板金の展開図寸法とは?【機械製図の基礎解説】

皆さんは板金のL字金具の図面を作成するとき、どのような形状を作りますか?

完成後の形状を記載しますか?それとも板金を折り曲げる前の形状を記載しますか?

現在の図面では完成後の形状を描くことが多いと思います。

しかし古い図面を見ると、折り曲げる前の形状を描いていることが多く見られます。

今回は折り曲げる前の展開図寸法について解説したいと思います。

そもそも展開図とは?

展開図とは、文字通り板金を折り曲げる前の図を表しています。

折り曲げた後の寸法を記載する方法と異なり、あらかじめ曲げの大きさまでを考慮して寸法を記載する必要があります。

展開図寸法の計算方法

加工後と展開図の寸法イメージ

展開図では、曲げの部分を伸ばして考えた値を図面に記載します。

この曲げは内Rの大きさと板厚によって決まります。

具体的に考えてみますと、以下の寸法のL字金具を展開図にするとき、寸法$L$は以下の式で表されます。

数式

$L=a+b+2π(r+\dfrac{t}{2})\dfrac{α}{360}$

$L$:展開図での寸法[$mm$]

$a$:縦の長さ[$mm$]

$b$:横の長さ[$mm$]

$t$:板厚[$mm$]

$r$:内曲げRの大きさ[$mm$]

$α$:曲げの角度[°]

この式の3項目が曲げの部分になります。

内曲げRの大きさと、板厚の半分の合計で、曲げ中心から板厚の中心までの距離を算出でき、弧の長さを計算しています。

つまり形状の長さだけでなく、曲げの大きさまでを考慮に入れて設計する必要があります。

展開図寸法を使うメリット

一見すると全体形状が分かりづらい展開図寸法ですが、使う上でメリットもあります。

加工時の形状が分かる

加工するときは、定尺と呼ばれる決まった大きさから必要な分だけを切り出して使用します。

展開図寸法であれば、図面を見て必要な分が分かるので、どのくらいの定尺を使えばいいかがすぐに分かります。

定尺については以下の記事で解説しています。

曲げ可能かの形状が分かる

CADで形作ることができたとしても、板金で曲げが不可能な形状もあります。

例えば、コストダウンのために、今まで削り出しで作成していた部品を板金に変更することがあったとしましょう。

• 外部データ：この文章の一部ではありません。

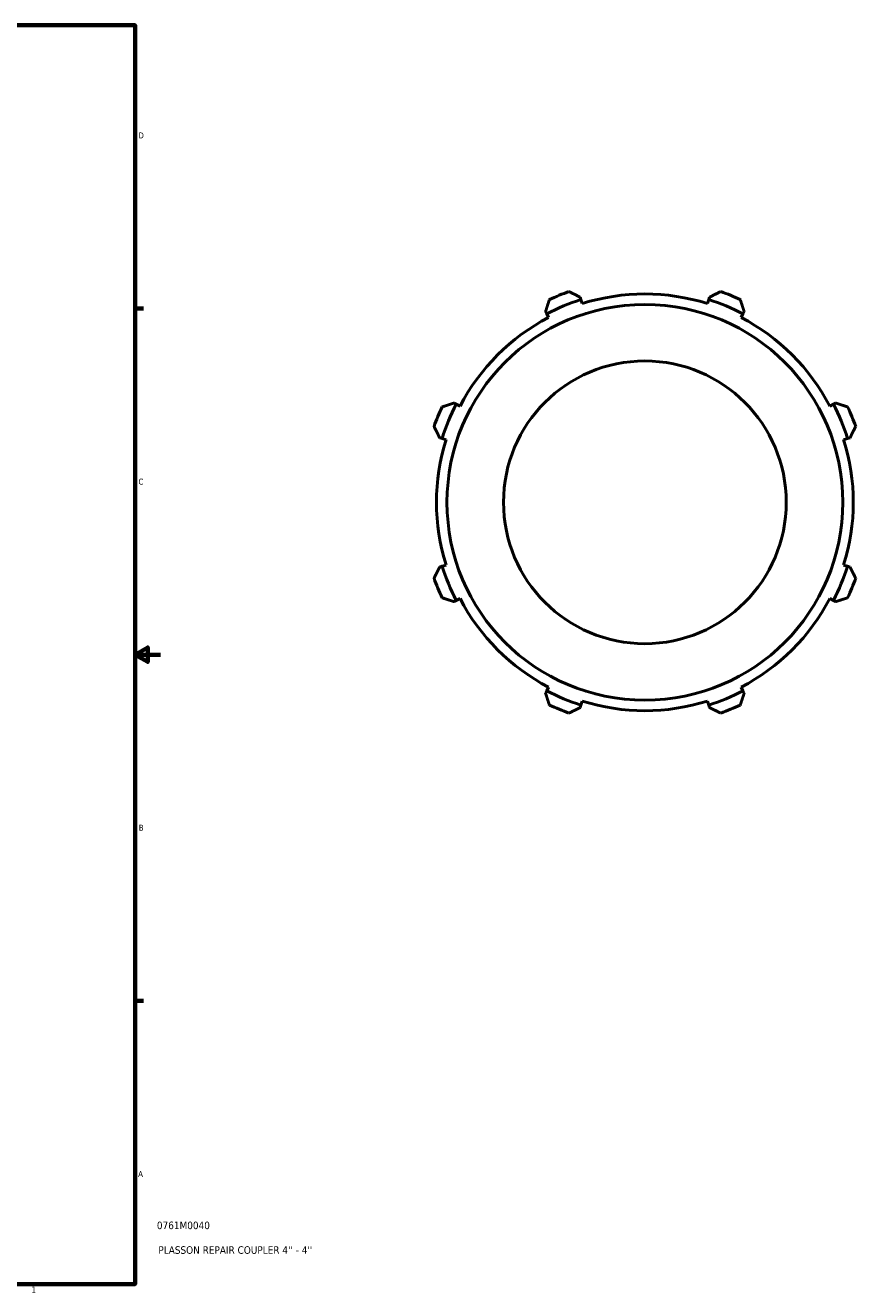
# Model space of a CAD drawing. Header units: inches. Extents: x -7.7 to 57.3, y -12.4 to 37.1.
# Tile 6 of 7: x 31.8 to 44.9, y 0.9 to 21. Entities that reach past the tile are written whole.
import ezdxf

# ---------------------------------------------------------------- set-up
doc = ezdxf.new("R2010")
doc.units = ezdxf.units.IN
doc.header["$MEASUREMENT"] = 0
for name, color, linetype, lineweight in [('Border (ANSI)', 7, 'Continuous', 70), ('Title (ANSI)', 7, 'Continuous', 50), ('Visible (ANSI)', 7, 'Continuous', 50)]:
    doc.layers.add(name, color=color, linetype=linetype, lineweight=lineweight)
doc.styles.add('Note Text (ANSI)', font='tahoma.ttf')
doc.styles.add('Text Style29', font='tahoma.ttf')

# ---------------------------------------------------------------- blocks, each defined once
blk = doc.blocks.new('Borders Default Border')
at = {"layer": 'Border (ANSI)'}
for p, q in [((33.5, 16.5), (33.634, 16.5)), ((33.5, 5.5), (33.634, 5.5))]:
    blk.add_line(p, q, dxfattribs=at)
at = {"layer": 'Border (ANSI)', "flags": 128}
for points in [[(0.5, 1), (0.5, 21), (33.5, 21), (33.5, 1), (0.5, 1)], [(33.9, 11), (33.5, 11), (33.7, 11.115), (33.7, 10.885), (33.5, 11)]]:
    blk.add_lwpolyline(points, dxfattribs=at)
at = {"layer": 'Border (ANSI)', "color": 5, "true_color": 0x0000ff, "char_height": 0.0945, "attachment_point": 7, "style": 'Note Text (ANSI)'}
for s, insert in [('D', (33.553, 19.203)), ('C', (33.552, 13.701)), ('B', (33.558, 8.203)), ('A', (33.547, 2.703)), ('1', (31.854, 0.866))]:
    blk.add_mtext(s, dxfattribs=dict(at, insert=insert))
blk = doc.blocks.new('Title Blocks ANSI - Large')
at = {"layer": 'Title (ANSI)', "color": 5, "true_color": 0x0000ff, "style": 'Text Style29'}
for tag, p in [('PART_NUMBER_001', (0.345, 0.873)), ('DESCRIPTION_001', (0.369, 0.481))]:
    blk.add_attdef(tag, p, '', height=0.12, dxfattribs=at)

msp = doc.modelspace()

# ---------------------------------------------------------------- linework, layer by layer
at = {"layer": 'Visible (ANSI)'}
for p, q in [((40.582, 16.641), (40.57, 16.68)), ((40.602, 16.578), (40.582, 16.641)), ((42.613, 16.641), (42.593, 16.578)), ((42.625, 16.68), (42.613, 16.641)), ((40.02, 16.452), (40.038, 16.416)), ((40.038, 16.416), (40.069, 16.357)), ((43.126, 16.357), (43.157, 16.416)), ((43.157, 16.416), (43.176, 16.452)), ((38.602, 14.98), (38.566, 14.999)), ((38.661, 14.949), (38.602, 14.98)), ((44.593, 14.98), (44.534, 14.949)), ((44.629, 14.999), (44.593, 14.98)), ((38.338, 14.448), (38.377, 14.436)), ((38.377, 14.436), (38.44, 14.416)), ((44.755, 14.416), (44.818, 14.436)), ((44.818, 14.436), (44.857, 14.448)), ((38.377, 12.405), (38.338, 12.393)), ((38.44, 12.425), (38.377, 12.405)), ((44.818, 12.405), (44.755, 12.425)), ((44.857, 12.393), (44.818, 12.405)), ((38.602, 11.861), (38.661, 11.892)), ((44.534, 11.892), (44.593, 11.861)), ((38.566, 11.843), (38.602, 11.861)), ((44.593, 11.861), (44.629, 11.843)), ((40.069, 10.484), (40.038, 10.425)), ((43.157, 10.425), (43.126, 10.484)), ((40.038, 10.425), (40.02, 10.389)), ((40.582, 10.2), (40.602, 10.263)), ((42.593, 10.263), (42.613, 10.2)), ((43.176, 10.389), (43.157, 10.425)), ((40.57, 10.161), (40.582, 10.2)), ((42.613, 10.2), (42.625, 10.161))]:
    msp.add_line(p, q, dxfattribs=at)
for radius in [3.144, 2.246]:
    msp.add_circle((41.598, 13.421), radius, dxfattribs=at)
for radius, start, end in [(3.56, 109.792, 115.208), (3.311, 72.5, 107.5), (3.56, 64.792, 70.208), (3.377, 107.5, 117.5), (3.377, 62.5, 72.5), (3.311, 117.5, 152.5), (3.311, 27.5, 62.5), (3.56, 154.792, 160.208), (3.377, 152.5, 162.5), (3.377, 17.5, 27.5), (3.56, 19.792, 25.208), (3.311, 162.5, 197.5), (3.311, 342.5, 17.5), (3.377, 197.5, 207.5), (3.377, 332.5, 342.5), (3.56, 199.792, 205.208), (3.56, 334.792, 340.208), (3.311, 207.5, 242.5), (3.311, 297.5, 332.5), (3.377, 242.5, 252.5), (3.311, 252.5, 287.5), (3.377, 287.5, 297.5), (3.56, 244.792, 250.208), (3.56, 289.792, 295.208)]:
    msp.add_arc((41.598, 13.421), radius, start, end, dxfattribs=at)
for points, weights in [([(40.392, 16.77), (40.483, 16.724), (40.57, 16.68)], [1, 1.00053192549, 1.00024693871]), ([(42.625, 16.68), (42.712, 16.724), (42.803, 16.77)], [1.00024693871, 1.00053192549, 1]), ([(40.02, 16.452), (40.05, 16.545), (40.081, 16.642)], [1.00024693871, 1.00053192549, 1]), ([(43.114, 16.642), (43.145, 16.545), (43.176, 16.452)], [1, 1.00053192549, 1.00024693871]), ([(38.377, 14.937), (38.473, 14.968), (38.566, 14.999)], [1, 1.00053192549, 1.00024693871]), ([(44.629, 14.999), (44.722, 14.968), (44.819, 14.937)], [1.00024693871, 1.00053192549, 1]), ([(38.338, 14.448), (38.294, 14.535), (38.248, 14.626)], [1.00024693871, 1.00053192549, 1]), ([(44.947, 14.626), (44.901, 14.535), (44.857, 14.448)], [1, 1.00053192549, 1.00024693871]), ([(38.248, 12.215), (38.294, 12.306), (38.338, 12.393)], [1, 1.00053192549, 1.00024693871]), ([(44.857, 12.393), (44.901, 12.306), (44.947, 12.215)], [1.00024693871, 1.00053192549, 1]), ([(38.566, 11.843), (38.473, 11.873), (38.377, 11.904)], [1.00024693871, 1.00053192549, 1]), ([(44.819, 11.904), (44.722, 11.873), (44.629, 11.843)], [1, 1.00053192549, 1.00024693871]), ([(40.081, 10.2), (40.05, 10.296), (40.02, 10.389)], [1, 1.00053192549, 1.00024693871]), ([(43.176, 10.389), (43.145, 10.296), (43.114, 10.2)], [1.00024693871, 1.00053192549, 1]), ([(40.57, 10.161), (40.483, 10.117), (40.392, 10.071)], [1.00024693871, 1.00053192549, 1]), ([(42.803, 10.071), (42.712, 10.117), (42.625, 10.161)], [1, 1.00053192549, 1.00024693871])]:
    msp.add_rational_spline(points, weights, degree=2, dxfattribs=at)

# ---------------------------------------------------------------- block references
msp.add_blockref('Borders Default Border', (0, 0))
msp.add_blockref('Title Blocks ANSI - Large', (33.5, 1)).add_auto_attribs({'PART_NUMBER_001': '0761M0040', 'DESCRIPTION_001': "PLASSON REPAIR COUPLER 4'' - 4''"})

doc.saveas('drawing.dxf')

板金では加工制限があるので、そのままの形状を適用したら、曲げ加工ができないという可能性があります。

しかし展開寸法であれば、元の板金かに対してどこをどのように曲げるかを考える必要があるので、曲げ可能かを先に検討しています。

展開図を修正するときの注意点

最近では、昔の展開図で記載された図面を修正する、という可能性もあると思います。

展開図のままで良ければそのまま修正できますが、最近では加工後の形状に修正して作り直すことが多いです。

この場合は何点か注意する必要があります。

全長の大きさ

前述の式の通り、全長の大きさを計算するときは、$π$が式に含まれています。

つまり全長の大きさは必ず無理数になってしまいます。

小数点以下を四捨五入して問題ないかを確認しておくことが重要です。

穴の位置

全長と同様に穴の位置も、曲げ加工前の長さを記載されていることがあります。

そんな穴位置を加工後にしてしまうとどうでしょうか?

間違いなく小数点以下でずれが発生していしまいます。

特に穴があるということは、ねじなどで固定する部品があるということなので、固定側の部品まで考慮することが必要です。

寸法公差の見直し

新しく寸法公差を入れる場合、加工後の形状に対して寸法公差を入れることになるので、公差設計をやり直す必要があります。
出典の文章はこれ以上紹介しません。